*** Opening Material provided ***

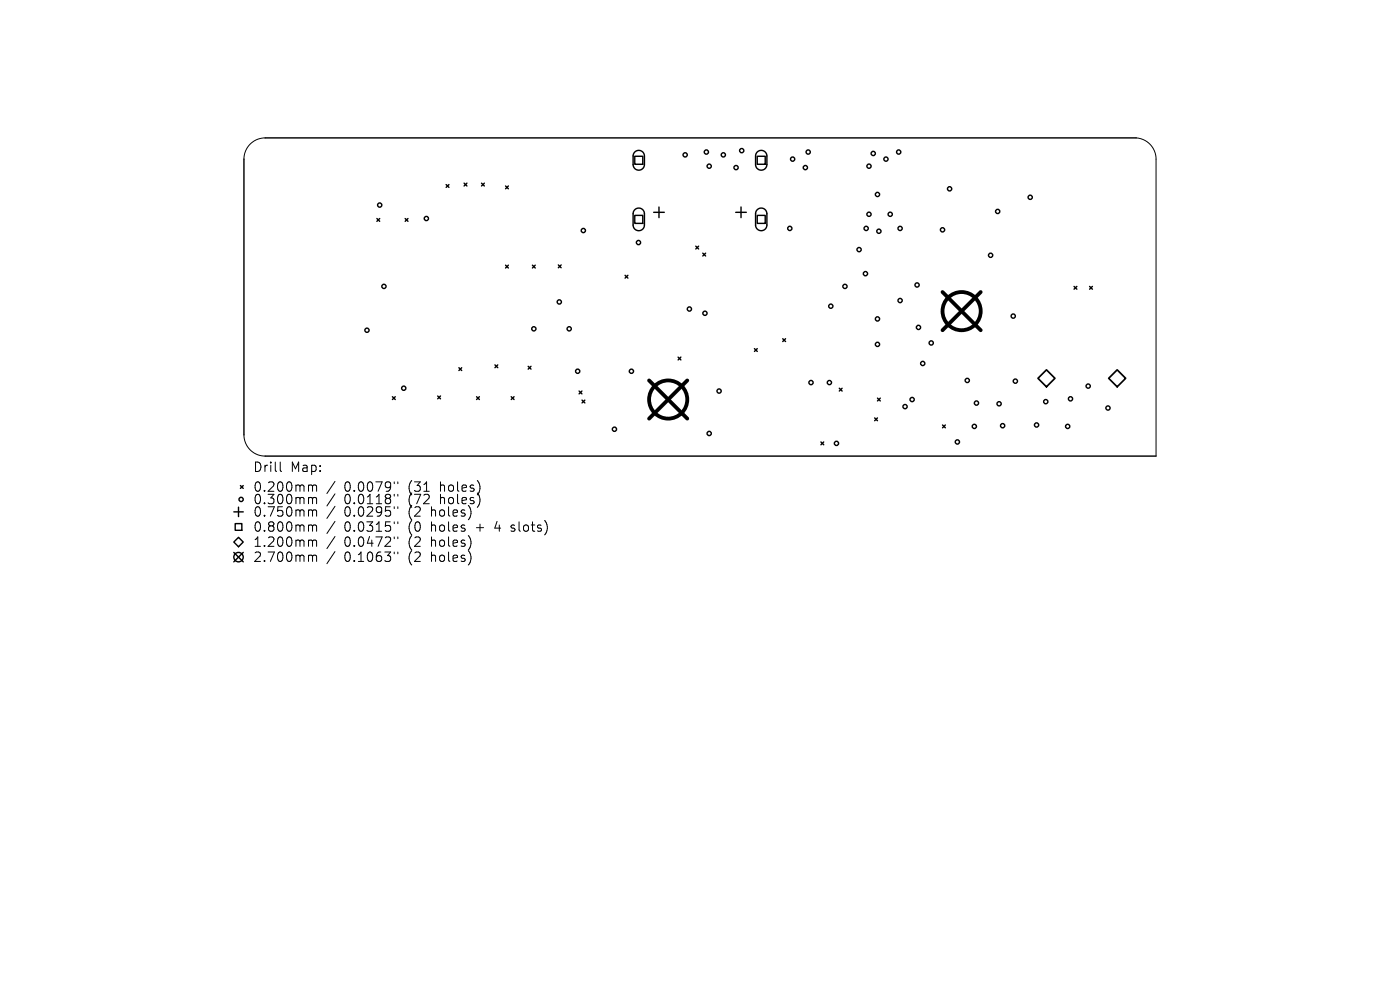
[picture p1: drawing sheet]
<svg xmlns="http://www.w3.org/2000/svg" width="297mm" height="210mm" viewBox="0 0 297 210" stroke-linecap="round" stroke-linejoin="round" font-family="sans-serif">
<defs><g id="words">
<g font-size="2.8">
<text x="53.6" y="100.4">Drill</text>
<text x="61.6" y="100.4">Map:</text>
<text x="53.6" y="104.6">0.200mm</text>
<text x="53.6" y="107.2">0.300mm</text>
<text x="73" y="104.6">0.0079&quot;</text>
<text x="73" y="107.2">0.0118&quot;</text>
<text x="86.8" y="104.6">(31</text>
<text x="86.8" y="107.2">(72</text>
<text x="93.6" y="104.6">holes)</text>
<text x="93.6" y="107.2">holes)</text>
<text x="53.6" y="109.9">0.750mm</text>
<text x="53.6" y="113.1">0.800mm</text>
<text x="73" y="109.9">0.0295&quot;</text>
<text x="73" y="113.1">0.0315&quot;</text>
<text x="86.8" y="109.9">(2</text>
<text x="86.8" y="113.1">(0</text>
<text x="91.7" y="109.9">holes)</text>
<text x="91.7" y="113.1">holes</text>
<text x="101.5" y="113.1">+</text>
<text x="105.7" y="113.1">4</text>
<text x="109.3" y="113.1">slots)</text>
<text x="53.6" y="116.3">1.200mm</text>
<text x="53.6" y="119.5">2.700mm</text>
<text x="73" y="116.3">0.0472&quot;</text>
<text x="73" y="119.5">0.1063&quot;</text>
<text x="86.8" y="116.3">(2</text>
<text x="86.8" y="119.5">(2</text>
<text x="91.7" y="116.3">holes)</text>
<text x="91.7" y="119.5">holes)</text>
</g>
</g></defs>
<g fill="none" stroke="#000" stroke-width=".3">
<path d="M51.8 33.8v58.5M56.3 29.3h184.7M94.6 39.2l.6 .6M95.2 39.2l-.6 .6M98.5 38.9l.6 .6M99.1 38.9l-.6 .6M102.2 38.9l.6 .6M102.8 38.9l-.6 .6M107.3 39.5l.6 .6M107.9 39.5l-.6 .6M134.7 33.2h1.7v1.6h-1.7zM134.7 32.3a1.2 1.2 0 0 1 1.3-.3 1.2 1.2 0 0 1 .7 1.1v1.8a1.2 1.2 0 0 1-1.2 1.2 1.2 1.2 0 0 1-1.2-1.2v-2z"/>
<path d="M160.6 32.3a1.2 1.2 0 0 1 1.4-.3 1.2 1.2 0 0 1 .7 1.1v1.8a1.2 1.2 0 0 1-1.2 1.2 1.2 1.2 0 0 1-1.2-1.2v-2zM160.6 33.2h1.7v1.6h-1.7zM80 46.4l.6 .6M80.6 46.4l-.6 .6M86 46.4l.6 .6M86.6 46.4l-.6 .6M107.3 56.3l.6 .6M107.9 56.3l-.6 .6M113 56.3l.6 .6M113.6 56.3l-.6 .6M118.4 56.2l.6 .6M119 56.2l-.6 .6"/>
<path d="M132.6 58.4l.6 .6M133.2 58.4l-.6 .6M134.7 45.7h1.7v1.7h-1.7zM134.7 44.5a1.2 1.2 0 0 1 1.3-.3 1.2 1.2 0 0 1 .7 1.1v2.4a1.2 1.2 0 0 1-1.2 1.2 1.2 1.2 0 0 1-1.2-1.2v-2.5zM138.7 45h2.2M139.8 43.9v2.3M147.6 52.2l.6 .6M148.2 52.2l-.6 .6M149.1 53.7l.6 .6M149.7 53.7l-.6 .6M156.1 45h2.2M157.2 43.9v2.3"/>
<path d="M160.6 44.5a1.2 1.2 0 0 1 1.4-.3 1.2 1.2 0 0 1 .7 1.1v2.4a1.2 1.2 0 0 1-1.2 1.2 1.2 1.2 0 0 1-1.2-1.2v-2.5zM160.6 45.7h1.7v1.7h-1.7zM97.4 78l.6 .6M98 78l-.6 .6M105 77.4l.6 .6M105.6 77.4l-.6 .6M112.1 77.7l.6 .6M112.7 77.7l-.6 .6M143.9 75.8l.6 .6M144.5 75.8l-.6 .6M160.1 74l.6 .6M160.7 74l-.6 .6"/>
<path d="M166.1 71.9l.6 .6M166.7 71.9l-.6 .6M227.9 60.8l.6 .6M228.5 60.8l-.6 .6M231.2 60.8l.6 .6M231.8 60.8l-.6 .6M56.3 96.8h189M83.3 84.2l.6 .6M83.9 84.2l-.6 .6M92.9 84l.6 .6M93.5 84l-.6 .6M101.1 84.2l.6 .6"/>
<path d="M101.7 84.2l-.6 .6M108.5 84.2l.6 .6M109.1 84.2l-.6 .6M122.9 83l.6 .6M123.5 83l-.6 .6M123.5 84.9l.6 .6M124.1 84.9l-.6 .6M174.2 93.8l.6 .6M174.8 93.8l-.6 .6M178.1 82.4l.6 .6M178.7 82.4l-.6 .6M185.6 88.7l.6 .6"/>
<path d="M186.2 88.7l-.6 .6M186.2 84.5l.6 .6M186.8 84.5l-.6 .6M200 90.2l.6 .6M200.6 90.2l-.6 .6M49.6 115l1-1 1 1-1 1zM49.6 108.6h2M49.6 117.2l2 2M49.9 111.1h1.4v1.4h-1.4zM50.6 107.6v2M51 103l.6 .6M51.6 103l-.6 .6"/>
<path d="M51.6 117.2l-2 2"/>
<circle cx="145.4" cy="32.9" r=".45"/>
<circle cx="149.9" cy="32.3" r=".45"/>
<circle cx="150.5" cy="35.3" r=".45"/>
<circle cx="153.5" cy="32.9" r=".45"/>
<circle cx="156.2" cy="35.6" r=".45"/>
<circle cx="157.4" cy="32" r=".45"/>
<circle cx="168.2" cy="33.8" r=".45"/>
<circle cx="170.9" cy="35.6" r=".45"/>
<circle cx="171.5" cy="32.3" r=".45"/>
<circle cx="184.4" cy="35.3" r=".45"/>
<circle cx="185.3" cy="32.6" r=".45"/>
<circle cx="188" cy="33.8" r=".45"/>
<circle cx="190.7" cy="32.3" r=".45"/>
<circle cx="80.6" cy="43.5" r=".45"/>
<circle cx="90.5" cy="46.4" r=".45"/>
<circle cx="123.8" cy="48.9" r=".45"/>
<circle cx="135.5" cy="51.5" r=".45"/>
<circle cx="167.6" cy="48.5" r=".45"/>
<circle cx="182.3" cy="53" r=".45"/>
<circle cx="183.6" cy="58.1" r=".45"/>
<circle cx="183.8" cy="48.5" r=".45"/>
<circle cx="184.4" cy="45.5" r=".45"/>
<circle cx="186.2" cy="41.3" r=".45"/>
<circle cx="186.5" cy="49.1" r=".45"/>
<circle cx="188.9" cy="45.5" r=".45"/>
<circle cx="191" cy="48.5" r=".45"/>
<circle cx="200" cy="48.8" r=".45"/>
<circle cx="201.5" cy="40.1" r=".45"/>
<circle cx="210.2" cy="54.2" r=".45"/>
<circle cx="211.7" cy="44.9" r=".45"/>
<circle cx="218.6" cy="41.9" r=".45"/>
<circle cx="77.9" cy="70.1" r=".45"/>
<circle cx="81.5" cy="60.8" r=".45"/>
<circle cx="113.3" cy="69.8" r=".45"/>
<circle cx="118.7" cy="64.1" r=".45"/>
<circle cx="120.8" cy="69.8" r=".45"/>
<circle cx="122.6" cy="78.8" r=".45"/>
<circle cx="134" cy="78.8" r=".45"/>
<circle cx="146.3" cy="65.6" r=".45"/>
<circle cx="149.6" cy="66.5" r=".45"/>
<circle cx="176.3" cy="65" r=".45"/>
<circle cx="179.3" cy="60.8" r=".45"/>
<circle cx="186.2" cy="67.7" r=".45"/>
<circle cx="186.2" cy="73.1" r=".45"/>
<circle cx="191" cy="63.8" r=".45"/>
<circle cx="194.6" cy="60.5" r=".45"/>
<circle cx="194.9" cy="69.5" r=".45"/>
<circle cx="195.8" cy="77.1" r=".45"/>
<circle cx="197.6" cy="72.8" r=".45"/>
<circle cx="215" cy="67.1" r=".45"/>
<circle cx="85.7" cy="82.4" r=".45"/>
<circle cx="130.4" cy="91.1" r=".45"/>
<circle cx="150.5" cy="92" r=".45"/>
<circle cx="152.6" cy="83" r=".45"/>
<circle cx="172.1" cy="81.2" r=".45"/>
<circle cx="176" cy="81.2" r=".45"/>
<circle cx="177.5" cy="94.1" r=".45"/>
<circle cx="192" cy="86.3" r=".45"/>
<circle cx="193.5" cy="84.8" r=".45"/>
<circle cx="203.1" cy="93.8" r=".45"/>
<circle cx="205.2" cy="80.7" r=".45"/>
<circle cx="206.7" cy="90.5" r=".45"/>
<circle cx="207.2" cy="85.5" r=".45"/>
<circle cx="212" cy="85.7" r=".45"/>
<circle cx="212.7" cy="90.3" r=".45"/>
<circle cx="215.4" cy="80.9" r=".45"/>
<circle cx="219.9" cy="90.2" r=".45"/>
<circle cx="221.9" cy="85.2" r=".45"/>
<circle cx="226.5" cy="90.5" r=".45"/>
<circle cx="227.1" cy="84.6" r=".45"/>
<circle cx="230.9" cy="81.9" r=".45"/>
<circle cx="235.1" cy="86.6" r=".45"/>
<circle cx="50.6" cy="118.2" r="1"/>
<circle cx="51.2" cy="105.9" r=".45"/>
</g>
<g fill="none" stroke="#000" stroke-width=".21">
<path d="M56.3 29.3a4.5 4.5 0 0 0-4.5 4.5M241 29.3a4.5 4.5 0 0 1 4.3 4.5v63M51.8 92.3a4.5 4.5 0 0 0 4.5 4.5M59.4 98v1.7l.3 .3M65.7 102.9h.3l.3 .3M65.7 105.5l.5 .1 .1 .2M65.7 108.2h.3l.3 .2M65.7 111.4h.3l.3 .2M65.7 114.6h.3l.3 .2M65.7 117.8l.5 .1 .1 .1M66.3 103.2l.3-.3 .5 .1 .1 1.2M66.3 103.2v1"/>
<path d="M66.3 105.8v1.1M66.3 108.4v1.1M66.3 111.6v1.1M66.3 114.8v1.1M66.3 118v1.1M66.3 105.8l.3-.3 .5 .1 .1 1.3M66.3 108.4l.3-.2 .5 .1 .1 1.2M66.3 111.6l.3-.2 .5 .1 .1 1.2M66.3 114.8l.3-.2 .5 .1 .1 1.2M66.3 118l.3-.2 .5 .1 .1 1.2M71.1 102.1l-1.7 2.6M71.1 104.8l-1.7 2.5"/>
<path d="M71.1 107.4l-1.7 2.6M71.1 110.6l-1.7 2.6M71.1 113.8l-1.7 2.6M71.1 117l-1.7 2.6M83.6 102.2v.4M83.6 104.9v.3M83.6 107.5v.4M83.6 110.7v.4M83.6 113.9v.4M83.6 117.1v.4M84.4 102.2v.4M84.4 104.9v.3"/>
<path d="M84.4 107.5v.4M84.4 110.7v.4M84.4 113.9v.4M84.4 117.1v.4M108.4 112.6l.2 .1M108.5 111.5v.4"/>
</g>
<path d="M220.2 80.3l1.8-1.8 1.8 1.8-1.8 1.8zM235.2 80.3l1.8-1.8 1.8 1.8-1.8 1.8z" fill="none" stroke="#000" stroke-width=".36"/>
<g fill="none" stroke="#000" stroke-width=".81">
<path d="M200 62l8.1 8.1M208.1 62l-8.1 8.1M137.7 80.7l8.1 8.1M145.8 80.7l-8.1 8.1"/>
<circle cx="204" cy="66" r="4"/>
<circle cx="141.8" cy="84.8" r="4"/>
</g>
<use href="#words"/>
</svg>

*** Closing Material provided ***

» **Task brief**
Retype the lines from the one containing "1.8 1.8-1.8 1.8zM235.2" to the last line above. Change nothing and include no others.

» **Task answer**
<path d="M220.2 80.3l1.8-1.8 1.8 1.8-1.8 1.8zM235.2 80.3l1.8-1.8 1.8 1.8-1.8 1.8z" fill="none" stroke="#000" stroke-width=".36"/>
<g fill="none" stroke="#000" stroke-width=".81">
<path d="M200 62l8.1 8.1M208.1 62l-8.1 8.1M137.7 80.7l8.1 8.1M145.8 80.7l-8.1 8.1"/>
<circle cx="204" cy="66" r="4"/>
<circle cx="141.8" cy="84.8" r="4"/>
</g>
<use href="#words"/>
</svg>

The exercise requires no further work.